Syncing is incremental, so Amazon Q Business only processes the objects in your data sources that have been added, modified, or deleted since the last sync.

Steps
  1. Log in to workload factory using one of the console experiences.

  2. From the Knowledge bases & Connectors tab, select the connector that you want to synchronize.

  3. Select the option button and select Manage connector.

  4. Select the Actions menu and select Scan now.

    You'll see a message that your data sources are being scanned, and a final message when the scan is complete.

Result

The connector is synchronized with the attached data sources and Amazon Q Business will start using the newest information from your data sources.

Pause or resume a scheduled synchronization

If you want to pause or resume the next synchronization (scan) of the data sources, you can do so at any time. You might need to pause the next scheduled synchronization if you are going to make changes to a data source and don't want the synchronization happening during the change window.

Steps
  1. Log in to workload factory using one of the console experiences.

  2. From the connector inventory page, select the connector for which you want to pause or resume scans.

  3. Select the option button and select Manage connector.

  4. Select the Actions menu and select Scan > Pause scheduled scan or Scan > Resume scheduled scan.

    You'll see a message that the next scheduled scan has either been paused or resumed.

Delete a connector

If you no longer need a connector, you can delete it.
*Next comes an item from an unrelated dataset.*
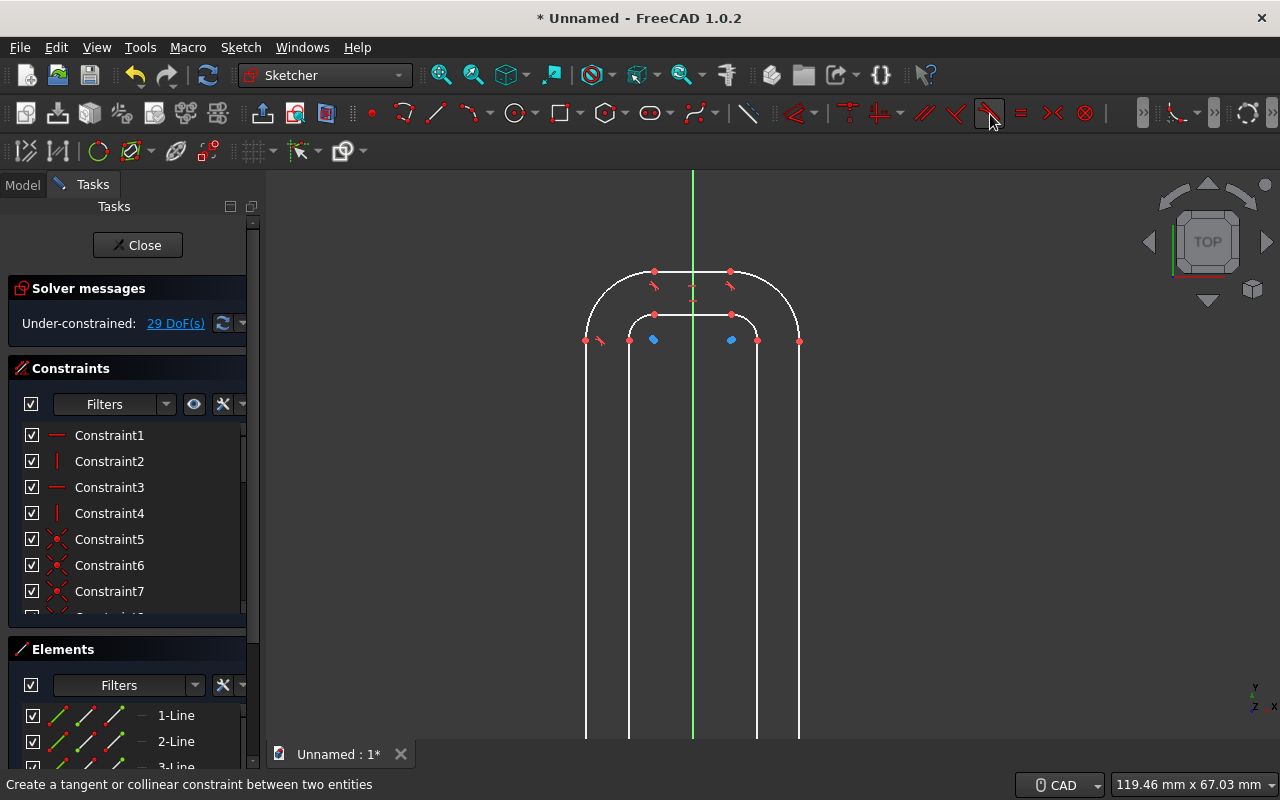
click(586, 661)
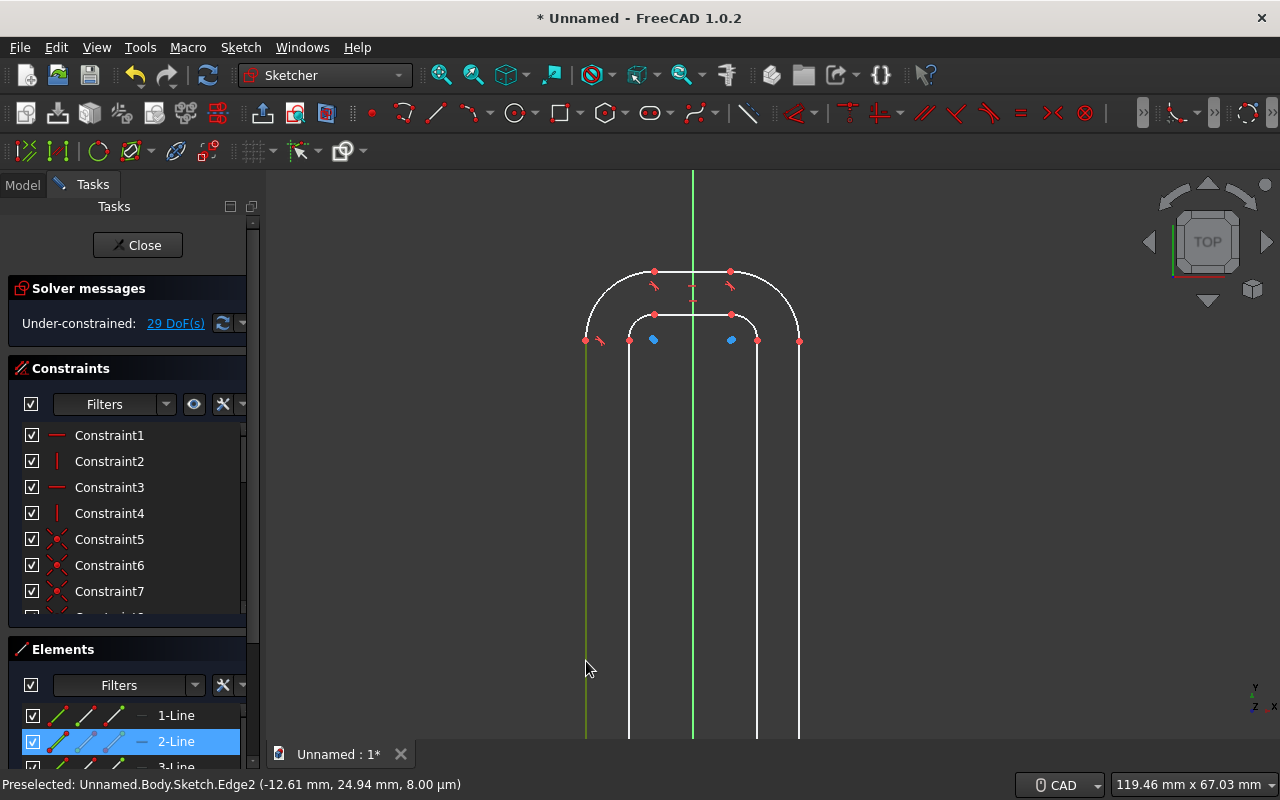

When you delete a connector, it is removed from workload factory and the volume that contains the connector is deleted. Deleting a connector is not reversible.

When you delete a connector, you should also disassociate the connector from any agents it is associated with to fully delete all resources associated with the connector.

Steps
  1. Log in to workload factory using one of the console experiences.

  2. From the Knowledge bases & Connectors inventory page, select the connector that you want to delete.

  3. Select the option button and select Manage connector.

  4. Select the Actions menu and select Delete connector.

  5. In the Delete connector dialog, confirm that you want to delete it and select Delete.

Result

The connector is removed from workload factory and its associated volume is deleted.